X. Шпион образца 1876 года
На дворе было уже совсем темно.
— Господин председатель, — заговорил вдруг Кандов, который до сих нор молчал, — прошу слова!
— И я хотел попросить слова, — сказал господин Фратю, — чтобы предложить закрыть заседание.
Другие поддержали Фратю.
— Я все-таки прошу слова, — настойчиво повторил студент. — Я хочу внести предложение, касающееся Стефчова!
— Хорошо, что напомнил, — прервал его Франтов, — сегодня Стефчов был у бея в конаке вдвоем с Замановым… А этот его Рачко Прыдле вертелся неподалеку отсюда и наблюдал за нами, когда мы входили в сад через калитку.
— Рачко? — невольно воскликнул Огнянов. — Я познакомился с этим дуралеем на Карнарском постоялом дворе…
— Неужели правда, что ты его связал?
— Он что-то болтал об этом, но ему никто не поверил, — сказал кто-то. — Мы были убеждены, что ты погиб. А он парень с придурью.
— Нет, он вам сказал правду, — проговорил Огнянов, который сегодня, рассказывая членам комитета о своих приключениях, позабыл упомянуть о незначительном случае на Карнарском постоялом дворе. — Впрочем, не стоит говорить об этом… Значит, Стефчов по-прежнему шпионит за вами?
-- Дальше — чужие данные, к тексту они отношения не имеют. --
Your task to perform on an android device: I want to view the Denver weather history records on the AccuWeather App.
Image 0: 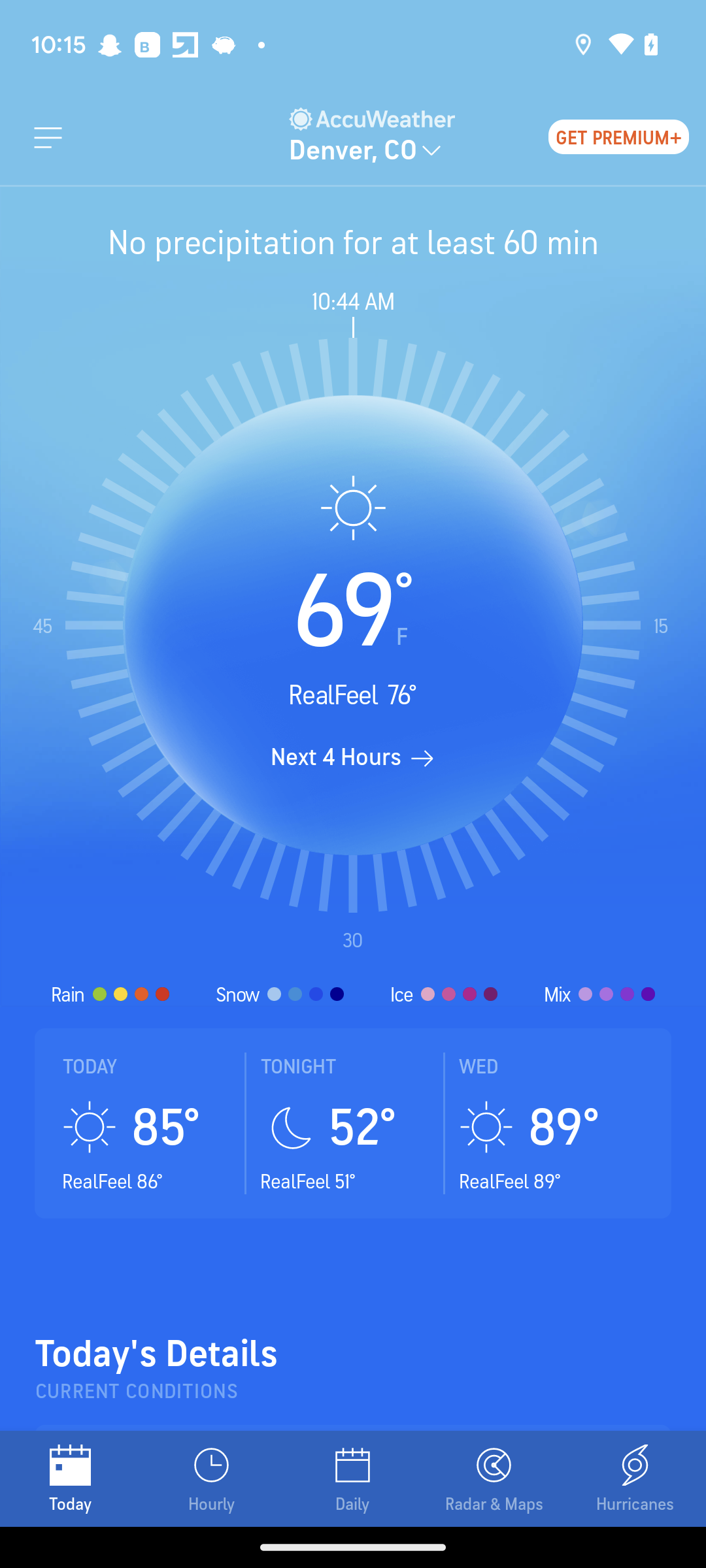
Swipe up for the history record.
Step 0: scroll down
Image 1: 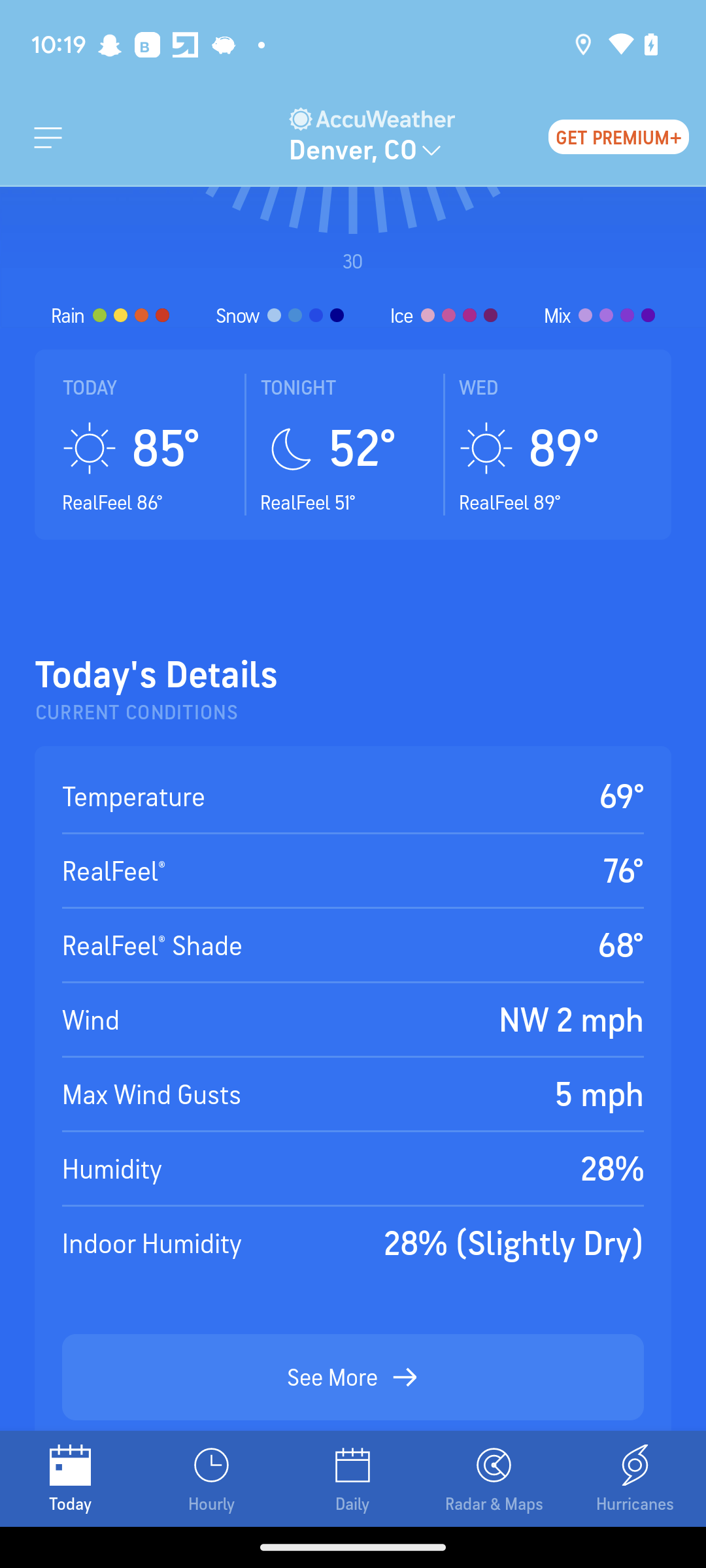
Click on the see more option.
Step 1: click (332, 1377)
Image 2: 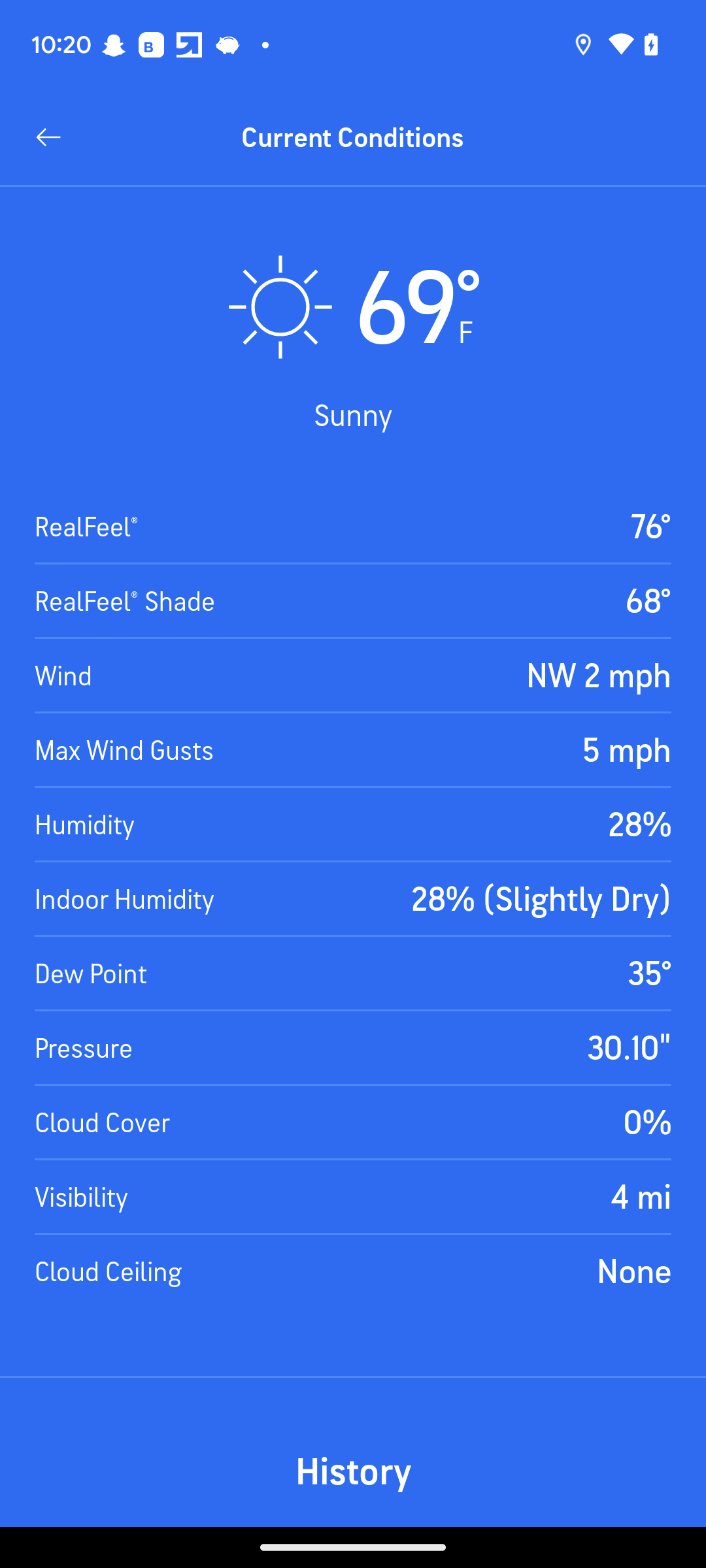
Swipe up for the history.
Step 2: scroll down

Ах, мерзавец!
И лицо у Огнянова залилось румянцем негодования.
— Прошу слова! — крикнул Кандов.
— Говорите, Кандов, — сказал Огнянов.
— Я точно знаю, что это Стефчов предал Огнянова, он виноват во всех несчастьях! — заявил студент.
Он впился в Огнянова горящими глазами.
— Нет, во всем виноват не Стефчов, а Мунчо, — посыпались возражения.
— Глубоко ошибаетесь, господа! — И, выпрямившись, студент взволнованным голосом рассказал о том, что узнал случайно. Свои слова он подкреплял неопровержимыми доказательствами.
Всех охватил неудержимый гнев. Послышались сердитые крики и ругательства. Стефчов был разоблачен.
Огнянов склонил голову, на лбу его появились глубокие морщины.
— Прав был Бенковский, когда говорил, что мы бабы.
— Вот и сегодня вечером Стефчов устроил за нами слежку!
— Кто знает, что нас ждет!
— Мы теперь стали действовать так открыто и так распустились, что меня даже страх берет, — сказал Франгов.
— Что ты на это скажешь, Огнянов? — обратился к нему Соколов.
Огнянов, погруженный в свои размышления, вздрогнул и сказал:
— Мне кажется, мы сделали глупость, не лишив Стеф чова возможности совершать предательства.
— А как же мы могли его лишить? — осведомился поп Димчо.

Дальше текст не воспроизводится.